TASK DESCRIPTION: Word for word, output the data that follows.

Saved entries
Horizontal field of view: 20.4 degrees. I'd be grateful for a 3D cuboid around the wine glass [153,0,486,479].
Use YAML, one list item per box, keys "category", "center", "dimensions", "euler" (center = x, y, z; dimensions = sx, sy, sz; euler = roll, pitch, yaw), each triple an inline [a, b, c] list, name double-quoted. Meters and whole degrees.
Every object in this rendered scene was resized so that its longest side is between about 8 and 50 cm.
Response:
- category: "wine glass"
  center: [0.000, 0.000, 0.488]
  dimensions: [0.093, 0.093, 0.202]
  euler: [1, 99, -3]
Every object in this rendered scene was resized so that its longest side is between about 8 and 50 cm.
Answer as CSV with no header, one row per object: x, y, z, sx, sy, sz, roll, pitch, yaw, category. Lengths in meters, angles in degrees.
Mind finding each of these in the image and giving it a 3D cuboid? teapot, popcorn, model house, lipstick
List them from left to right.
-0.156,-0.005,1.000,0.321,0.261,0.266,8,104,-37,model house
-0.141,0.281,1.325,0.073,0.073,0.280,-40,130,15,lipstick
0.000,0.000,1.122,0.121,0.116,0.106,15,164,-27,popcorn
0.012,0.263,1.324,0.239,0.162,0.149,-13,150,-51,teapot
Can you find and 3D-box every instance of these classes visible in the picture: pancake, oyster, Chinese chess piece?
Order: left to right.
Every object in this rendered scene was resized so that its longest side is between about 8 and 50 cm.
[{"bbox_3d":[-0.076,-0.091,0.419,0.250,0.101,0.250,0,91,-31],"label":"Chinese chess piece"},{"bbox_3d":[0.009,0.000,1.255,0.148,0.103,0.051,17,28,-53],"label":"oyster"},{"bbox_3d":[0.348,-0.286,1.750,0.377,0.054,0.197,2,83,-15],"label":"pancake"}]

ANSWER TO THIS PROBLEM:
Horizontal field of view: 20.4 degrees. I'd be grateful for a 3D cuboid around the wine glass [153,0,486,479].
Use YAML, one list item per box, keys "category", "center", "dimensions", "euler" (center = x, y, z; dimensions = sx, sy, sz; euler = roll, pitch, yaw), each triple an inline [a, b, c] list, name double-quoted. Meters and whole degrees.
Every object in this rendered scene was resized so that its longest side is between about 8 and 50 cm.
Response:
- category: "wine glass"
  center: [0.000, 0.000, 0.488]
  dimensions: [0.093, 0.093, 0.202]
  euler: [1, 99, -3]
Every object in this rendered scene was resized so that its longest side is between about 8 and 50 cm.
Answer as CSV with no header, one row per object: x, y, z, sx, sy, sz, roll, pitch, yaw, category. Lengths in meters, angles in degrees.
Mind finding each of these in the image and giving it a 3D cuboid? teapot, popcorn, model house, lipstick
List them from left to right.
-0.156,-0.005,1.000,0.321,0.261,0.266,8,104,-37,model house
-0.141,0.281,1.325,0.073,0.073,0.280,-40,130,15,lipstick
0.000,0.000,1.122,0.121,0.116,0.106,15,164,-27,popcorn
0.012,0.263,1.324,0.239,0.162,0.149,-13,150,-51,teapot
Can you find and 3D-box every instance of these classes visible in the picture: pancake, oyster, Chinese chess piece?
Order: left to right.
Every object in this rendered scene was resized so that its longest side is between about 8 and 50 cm.
[{"bbox_3d":[-0.076,-0.091,0.419,0.250,0.101,0.250,0,91,-31],"label":"Chinese chess piece"},{"bbox_3d":[0.009,0.000,1.255,0.148,0.103,0.051,17,28,-53],"label":"oyster"},{"bbox_3d":[0.348,-0.286,1.750,0.377,0.054,0.197,2,83,-15],"label":"pancake"}]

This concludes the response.